━━ Exercise data ━━
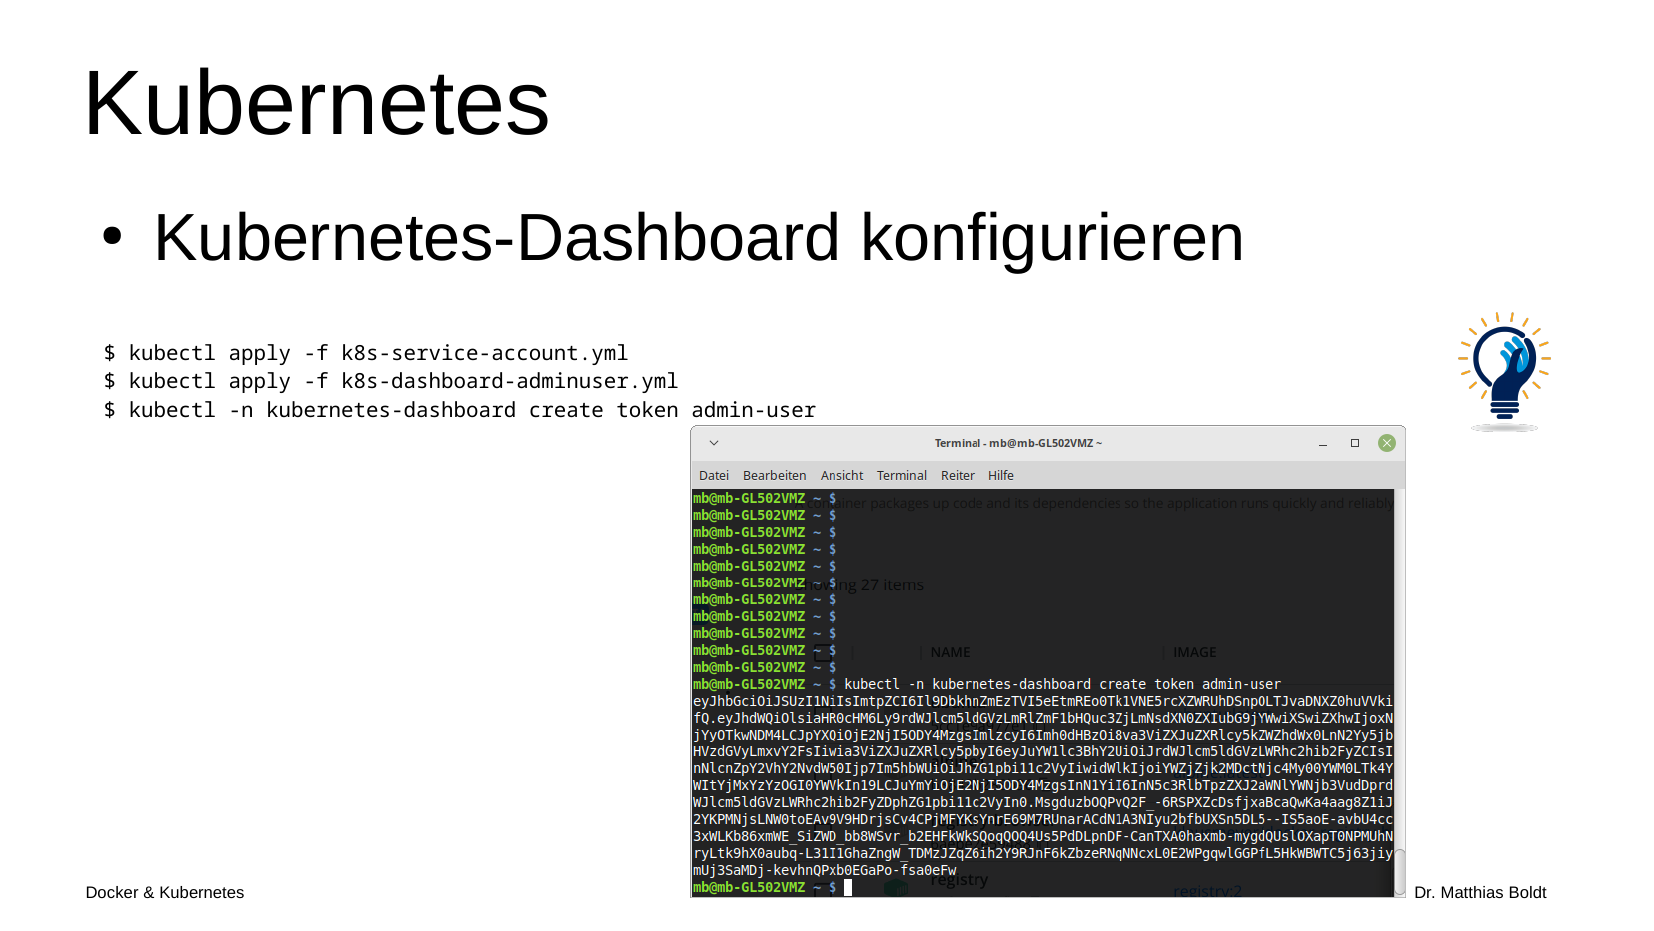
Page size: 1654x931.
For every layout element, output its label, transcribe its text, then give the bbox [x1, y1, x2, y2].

list Kubernetes-Dashboard konfigurieren [82, 199, 1453, 473]
picture [690, 425, 1406, 898]
title Kubernetes [82, 25, 1571, 181]
picture [1458, 312, 1551, 432]
text_box $ kubectl apply -f k8s-service-account.yml $ kubectl apply -f k8s-dashboard-adminuser.yml $ kubectl -n kubernetes-dashboard create token admin-user [88, 330, 1418, 426]
text_box Docker & Kubernetes Dr. Matthias Boldt [70, 875, 1563, 910]
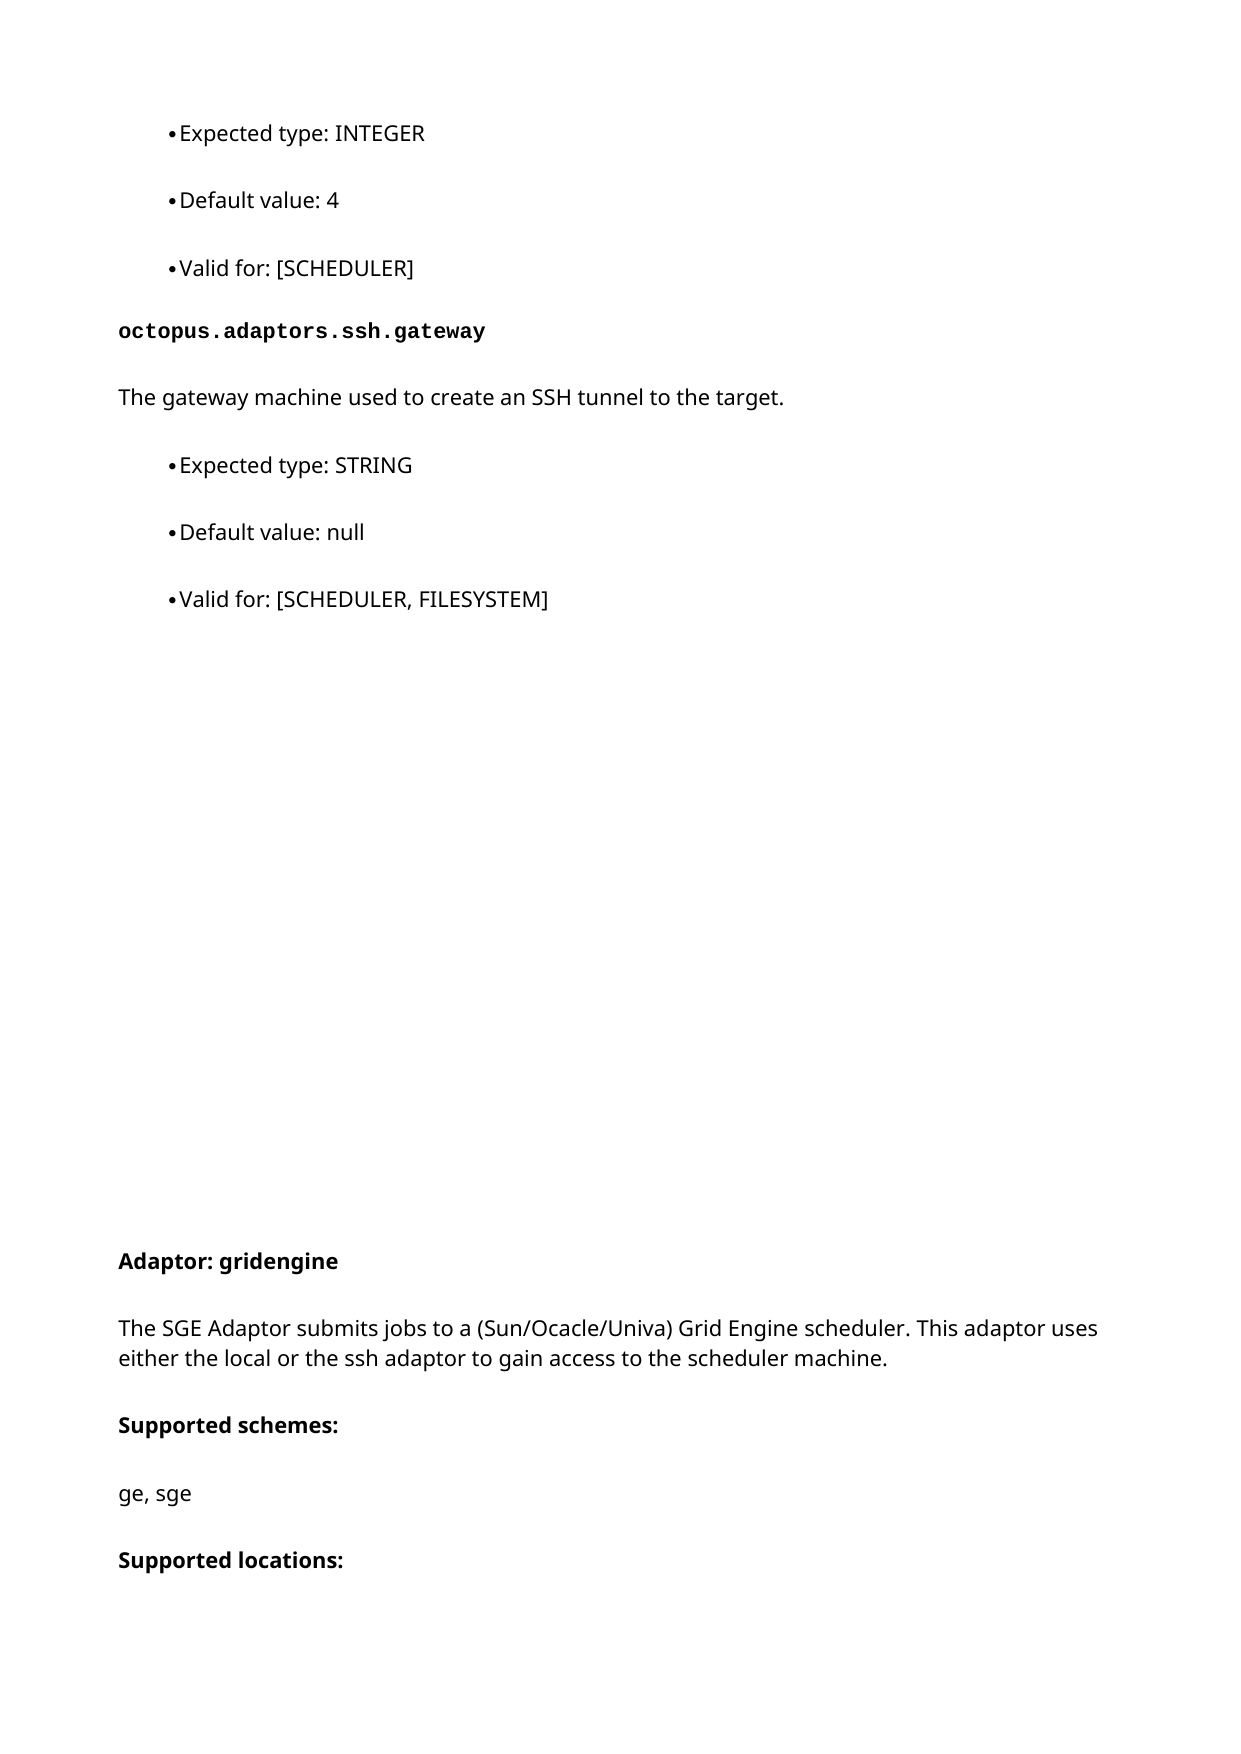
━━━
*Task objective*. Skip the pictures. Restate everything else in the records word for word.

*Solution to this task*.
Page size: 1654x931.
For every layout element, output its label, transcribe its text, then give the bbox [x1, y1, x2, y2].

list Kubernetes-Dashboard konfigurieren [82, 199, 1453, 473]
picture [690, 425, 1406, 898]
title Kubernetes [82, 25, 1571, 181]
picture [1458, 312, 1551, 432]
text_box $ kubectl apply -f k8s-service-account.yml $ kubectl apply -f k8s-dashboard-adminuser.yml $ kubectl -n kubernetes-dashboard create token admin-user [88, 330, 1418, 426]
text_box Docker & Kubernetes Dr. Matthias Boldt [70, 875, 1563, 910]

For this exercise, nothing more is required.